Immigration is driving a historic surge in Canada’s population. At the same time, Canadian wages and living standards are stagnant. That is a bad combination – and, worse, it is not a coincidence. And here’s the link: Business investment is so weak that the stock of productive capital per worker in Canada – the buildings, tools and software they use – is falling. More workers and less capital are putting Canada on a path to a low-productivity, low-wage economy.
Polls show that most Canadians think of immigration as a driver of economic progress. Until recently, that belief was well founded. Immigrants earn less than Canadian-born contemporaries when they first arrive – so, crunching the numbers, recent arrivals lower average incomes. But they tended to catch up. Thanks in part to a system that identified people whose economic prospects in Canada were good, immigrants, and their children and grandchildren, had a good chance of becoming productive, high earners – and, crunching the numbers, of raising average incomes.
A key complementary force in this success was business investment that gave the average Canadian worker, recent arrival or not, more capital – newer and better tools to work with – each year. Historically, Canada’s stock of business capital – non-residential structures, machinery and equipment, and intellectual property products, adjusted for price changes – grew consistently faster than Canada’s work force. Over time, Canadian workers, immigrants and native-born alike, got better factories and offices, better vehicles, machine tools and electronics, and better software and databases. That raised their productivity and earnings. Rising productivity and earnings, in turn, spurred more business investment – a virtuous circle typical of most of our country’s history.
Since 2014, however, the virtuous circle has turned vicious. Business investment in Canada plummeted in 2015 and 2016, and has been feeble ever since. Figures for 2023 to date show per-worker investment, in real terms, at least one-fifth below its late 2014 peak. For eight years now, investment per worker has been too weak even to replace capital that was wearing out or going obsolete. The capital stock per worker is at least 6 per cent below its peak. Nothing like that has happened in Canada since the depression of the 1930s and the Second World War. No wonder labour productivity is falling, and living standards are not rising.
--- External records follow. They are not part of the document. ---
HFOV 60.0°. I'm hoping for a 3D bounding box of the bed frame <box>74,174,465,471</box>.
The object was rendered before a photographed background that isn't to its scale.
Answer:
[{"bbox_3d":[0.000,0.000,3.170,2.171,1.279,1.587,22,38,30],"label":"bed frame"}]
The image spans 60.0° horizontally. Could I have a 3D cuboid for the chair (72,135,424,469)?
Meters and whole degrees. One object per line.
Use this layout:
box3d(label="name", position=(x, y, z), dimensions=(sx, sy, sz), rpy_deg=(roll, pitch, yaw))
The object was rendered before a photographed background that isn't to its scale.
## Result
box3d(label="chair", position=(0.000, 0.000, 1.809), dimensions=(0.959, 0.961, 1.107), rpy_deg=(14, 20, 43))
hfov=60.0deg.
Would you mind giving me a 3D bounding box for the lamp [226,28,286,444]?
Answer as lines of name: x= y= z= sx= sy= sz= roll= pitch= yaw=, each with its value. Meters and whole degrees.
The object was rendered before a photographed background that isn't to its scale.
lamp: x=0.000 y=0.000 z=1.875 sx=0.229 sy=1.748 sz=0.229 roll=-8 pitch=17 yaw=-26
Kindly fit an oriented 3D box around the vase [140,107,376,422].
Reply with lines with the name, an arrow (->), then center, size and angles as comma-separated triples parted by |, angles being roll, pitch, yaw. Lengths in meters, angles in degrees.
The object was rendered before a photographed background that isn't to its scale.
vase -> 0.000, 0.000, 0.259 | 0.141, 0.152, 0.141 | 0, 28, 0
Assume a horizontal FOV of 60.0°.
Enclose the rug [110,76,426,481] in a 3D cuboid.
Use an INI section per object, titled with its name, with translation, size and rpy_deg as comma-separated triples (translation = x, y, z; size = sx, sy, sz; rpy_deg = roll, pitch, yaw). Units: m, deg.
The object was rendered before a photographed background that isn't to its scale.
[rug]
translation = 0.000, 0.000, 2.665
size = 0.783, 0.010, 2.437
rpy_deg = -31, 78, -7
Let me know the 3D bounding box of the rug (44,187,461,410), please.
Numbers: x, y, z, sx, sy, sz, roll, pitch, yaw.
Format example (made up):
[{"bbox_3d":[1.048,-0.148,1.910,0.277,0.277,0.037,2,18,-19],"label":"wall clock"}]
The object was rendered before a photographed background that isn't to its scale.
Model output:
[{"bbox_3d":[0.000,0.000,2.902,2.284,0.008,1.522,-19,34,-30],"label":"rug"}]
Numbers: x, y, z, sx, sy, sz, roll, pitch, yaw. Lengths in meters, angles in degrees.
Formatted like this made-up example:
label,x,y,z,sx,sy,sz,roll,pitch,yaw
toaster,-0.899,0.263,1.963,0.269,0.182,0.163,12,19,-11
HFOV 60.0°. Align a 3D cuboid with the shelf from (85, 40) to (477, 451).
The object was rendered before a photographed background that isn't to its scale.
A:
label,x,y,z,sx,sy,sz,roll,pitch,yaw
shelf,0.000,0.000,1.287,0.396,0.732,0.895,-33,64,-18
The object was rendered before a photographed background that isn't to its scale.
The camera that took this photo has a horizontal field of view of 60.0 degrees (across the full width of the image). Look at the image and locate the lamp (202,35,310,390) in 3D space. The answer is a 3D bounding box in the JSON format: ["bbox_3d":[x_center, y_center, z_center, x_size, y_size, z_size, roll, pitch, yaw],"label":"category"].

The need to use approximate numbers – investment per worker is down “at least” one-fifth and capital per worker is down “at least” six per cent – is because of something else troubling on the immigration front: We have lost count of temporary residents. The gap between a tally of temporary residents in the work force from administrative sources and the number in Statistics Canada’s Labour Force Survey tripled from 2015 to 2022, when it surpassed one million. Suppose the larger number were right. Then the decline in capital per worker since 2015 would be closer to 8 per cent.
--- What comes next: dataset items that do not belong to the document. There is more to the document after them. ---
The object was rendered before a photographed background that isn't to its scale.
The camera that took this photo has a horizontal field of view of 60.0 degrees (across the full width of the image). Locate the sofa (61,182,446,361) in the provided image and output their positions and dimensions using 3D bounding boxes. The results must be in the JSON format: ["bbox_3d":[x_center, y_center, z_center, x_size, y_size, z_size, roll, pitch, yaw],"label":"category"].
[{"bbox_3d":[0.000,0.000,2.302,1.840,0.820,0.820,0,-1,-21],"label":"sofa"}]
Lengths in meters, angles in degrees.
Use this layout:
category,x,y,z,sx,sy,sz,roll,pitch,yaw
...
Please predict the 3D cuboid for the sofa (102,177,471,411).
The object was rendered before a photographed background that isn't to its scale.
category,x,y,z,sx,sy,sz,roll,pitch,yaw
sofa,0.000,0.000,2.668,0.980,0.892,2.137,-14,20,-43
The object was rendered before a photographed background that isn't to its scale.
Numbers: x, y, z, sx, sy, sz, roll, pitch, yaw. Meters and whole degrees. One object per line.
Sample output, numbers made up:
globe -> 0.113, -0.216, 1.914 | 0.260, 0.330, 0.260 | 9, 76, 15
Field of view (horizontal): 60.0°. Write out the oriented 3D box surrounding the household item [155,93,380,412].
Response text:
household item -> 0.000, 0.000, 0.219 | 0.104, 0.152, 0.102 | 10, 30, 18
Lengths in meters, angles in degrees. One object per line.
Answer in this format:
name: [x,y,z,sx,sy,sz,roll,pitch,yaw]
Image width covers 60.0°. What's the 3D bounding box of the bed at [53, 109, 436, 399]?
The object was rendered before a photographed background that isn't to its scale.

A look abroad compounds the concern. The story in the United States and other countries in the Organization for Economic Co-operation and Development (OECD) is different. In the run-up to the peaks of investment and capital per worker in the middle of the last decade, Canada narrowed a long-standing gap in per-worker investment against the United States, and closed the gap in per-worker investment against other OECD countries. Now those gaps are chasms. OECD projections indicate that, for every dollar of new investment received by the average worker in OECD countries other than Canada and the United States in 2023, the average Canadian worker will receive only 74 cents. For every dollar of investment received by the average U.S. worker, the average Canadian worker will receive a dismal 58 cents. If Canada is on a path toward less capital per worker, lower productivity and worse living standards, it is travelling that path alone.
Why is business investment in Canada so weak? The list of negative influences is long. Taxes that are high, and lately – especially at the federal level – seem capricious. An environment for natural resource development – an area of traditional strength – that is uncertain at best, hostile at worst. Government borrowing and a regulatory tilt toward residential investment that absorb savings businesses might otherwise use. Higher immigration itself may be a factor, as some businesses choose cheap labour over productivity-enhancing capital.
Whatever the reasons, weak business investment and a falling stock of capital per worker are the wrong environment for higher immigration. We want high investment, high productivity and high earnings in Canada. We are not getting them. Until we do, higher immigration will likely make things worse, not better.
William Robson is CEO of the C.D. Howe Institute.